The trafficking of nuclear materials and technologies related to nuclear weapons is a growing threat, experts said Thursday at the 6th annual Nuclear Deterrence Summit, but they said there are numerous ways to try to mitigate — if not eliminate — the problem.
David Albright, president of the Institute for Science and International Security, and Will Tobey, senior fellow at the Belfer Center for Science & International Affairs, identified some of the supply chains for illicit trafficking that could lead to proliferation of nuclear weapons in countries such as Iran and among terrorists and “non-state actors.”
“I think it’s a worsening problem,” said Albright, whose institute released a report in October that addressed the future concerns.
Over the next 5 to 10 years, black market trading is likely to be conducted by several nations seeking nuclear weapons or wanting to maintain existing weapon arsenals or capabilities, Albright said.
Tobey said there have been about 20 known thefts of highly enriched uranium or plutonium, the nuclear materials that can be used to make a nuclear weapon. The good news is that those materials were later seized by authorities, but the bad news is that the places from which they were stolen – mostly bulk-processing facilities – didn’t know the nuclear materials were gone until after they’d been recovered.

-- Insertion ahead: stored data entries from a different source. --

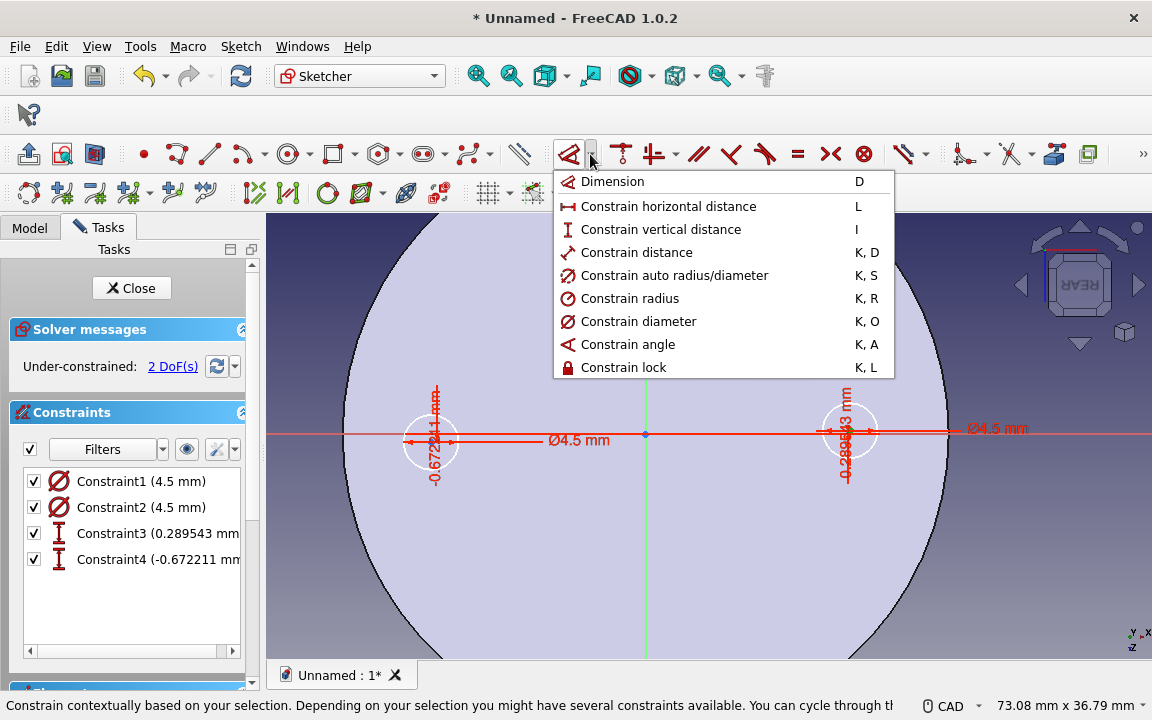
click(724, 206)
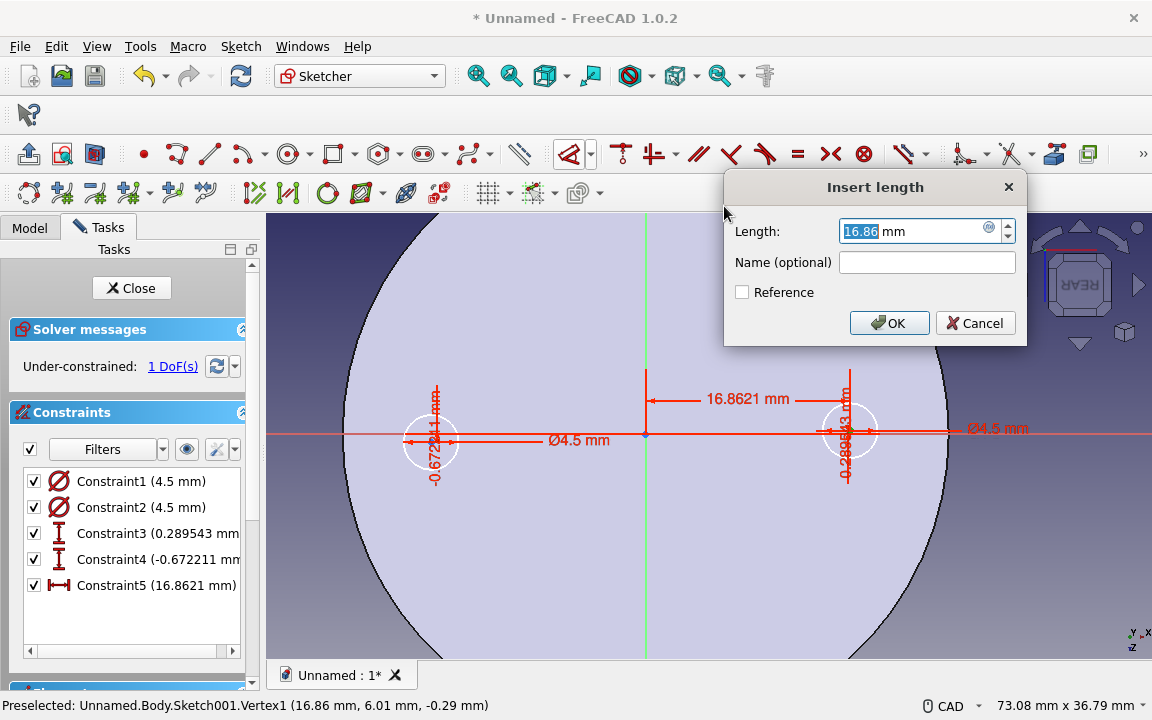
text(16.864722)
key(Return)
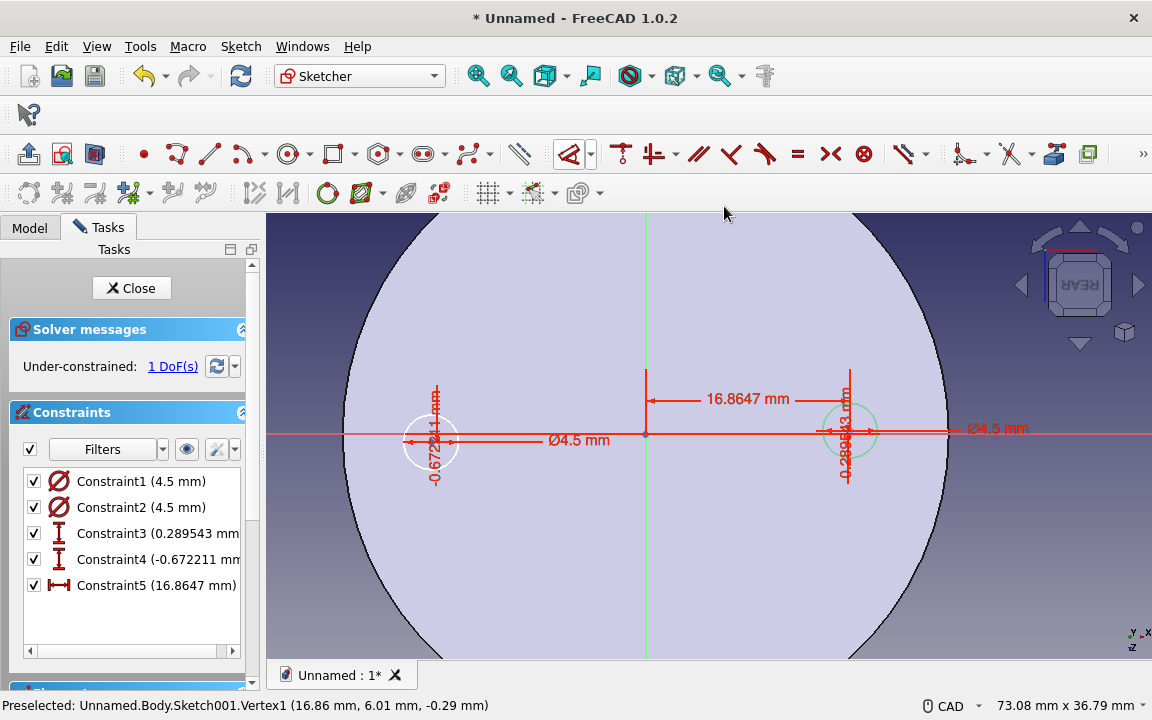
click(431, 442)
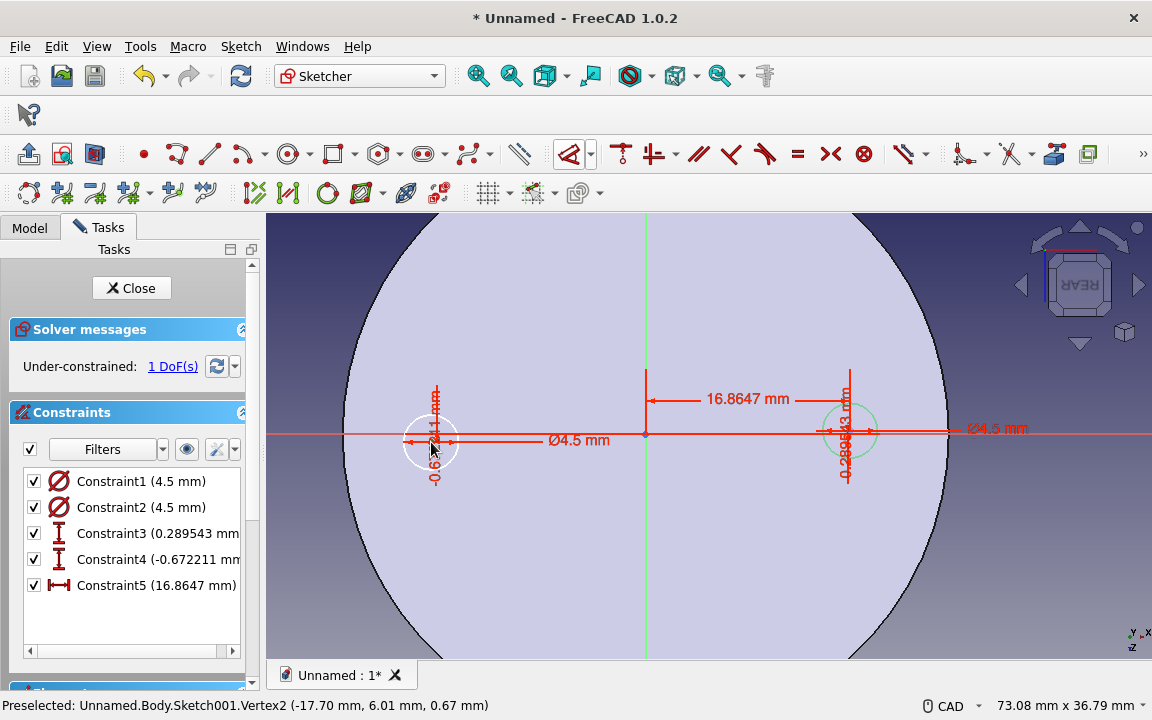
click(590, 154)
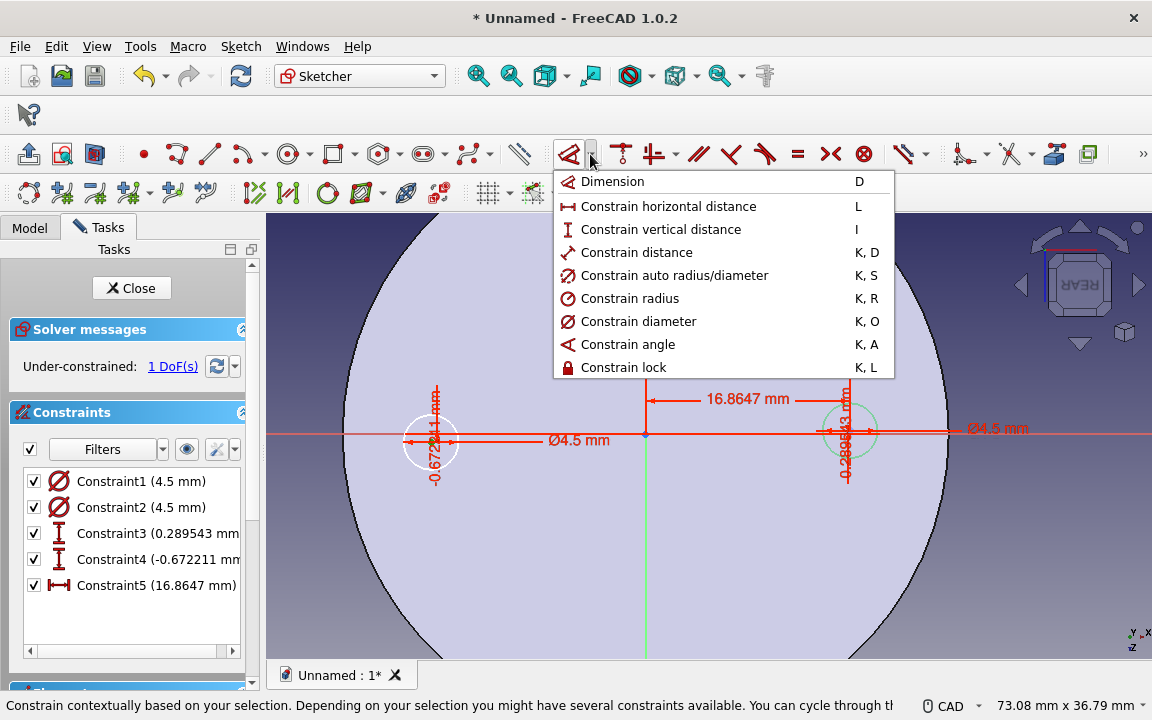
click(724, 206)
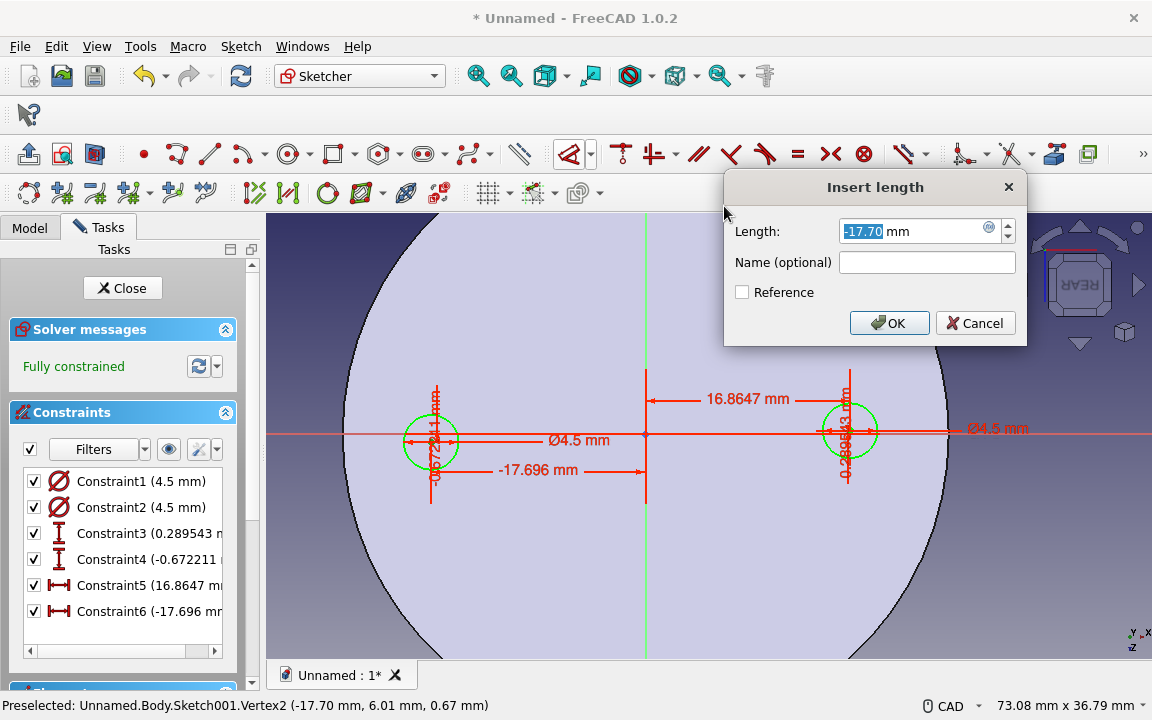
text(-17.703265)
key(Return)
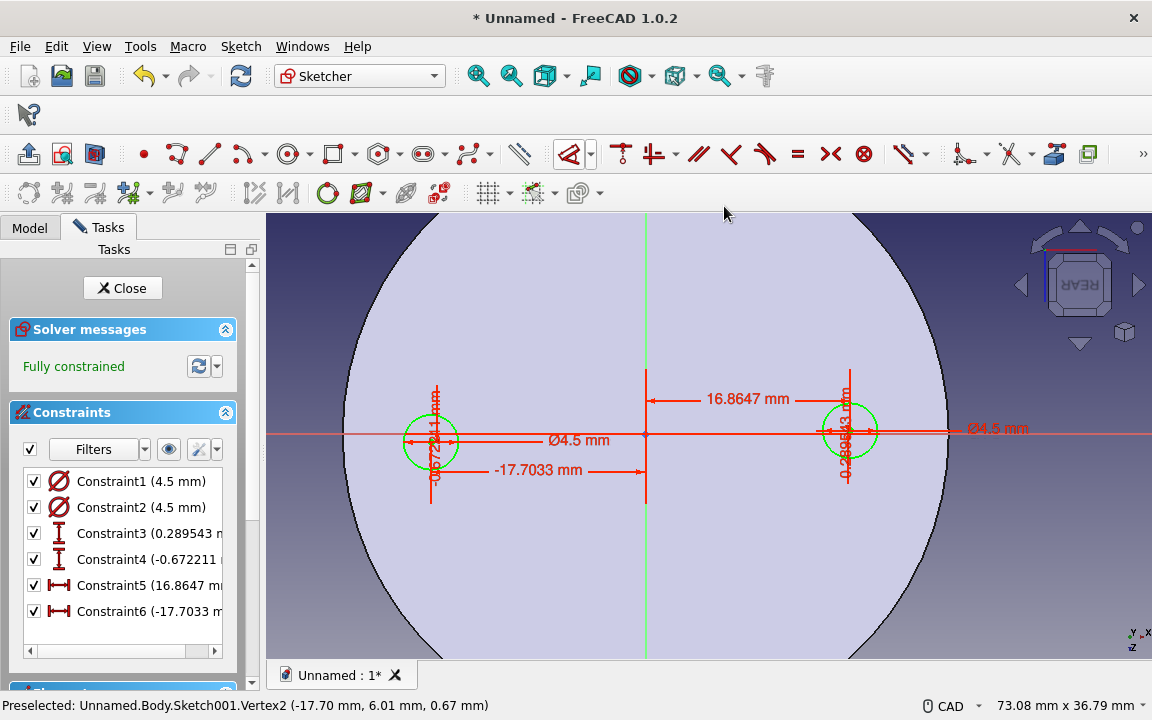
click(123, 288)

Iran, North Korea and Pakistan are associated with many the nuclear smuggling efforts, but there are other areas of future concerns, according to Albright.
Unless they step up their efforts to control exports, Hong Kong, India, Southeast Asia, Turkey, Brazil, Argentina, Russia and portions of Eastern Europe could become suppliers of concern, he said.
The potential proliferation of nuclear weapons is not just about uranium and plutonium, but lots of technologies – some of them quite sophisticated with multiple purposes — that can be used to process materials or otherwise adapted for use in the development of bombs.
The speakers identified China as a major supplier to Iran and elsewhere, sometimes serving as a conduit for export-controlled equipment manufactured in the United States and other countries.
If Iran purchases this equipment, it is probably violating multiple laws, but they said there’s not enough enforcement or consequences for those who’re identified as participants in illegal trades.
Tobey said the nuclear trafficking threat today is a lot different than it was 30 to 40 years ago.
Now there are terrorists bent on wholesale destruction – as much as they can – and there is widespread dissemination of basic nuclear-weapons-related knowledge via the Internet, he said. You no longer have to go to a library and check out a book, he said.
There also has been a spread of technological expertise, and sophisticated export-controlled parts can now be manufactured anywhere there’s room for a precision computer-aided manufacturing machine, Tobey said. He referenced a plant in Malaysia that was used to provide parts for the notorious A.Q. Khan network that expanded the worldwide nuclear capabilities.
The Obama administration has made a major push to recover nuclear materials in countries around the world, with some notable successes. As part of National Nuclear Security Administration’s Global Threat Reduction Initiative, more than 1,450 kilograms of highly enriched uranium and plutonium – enough material to make more than 50 nuclear weapons – have been removed from vulnerable sites.
Because of the heavy snowfall in the Washington, D.C. area, summit organizers had to find substitutes for some speakers on Thursday, alter schedules and make changes on the fly. Friday is the final day of the conference, and among those expected to speak are Dan Poneman, the deputy secretary of energy, and Rose Goettemoeller, the State Department’s acting under secretary for arms control and international security, who was scheduled to speak earlier in the week.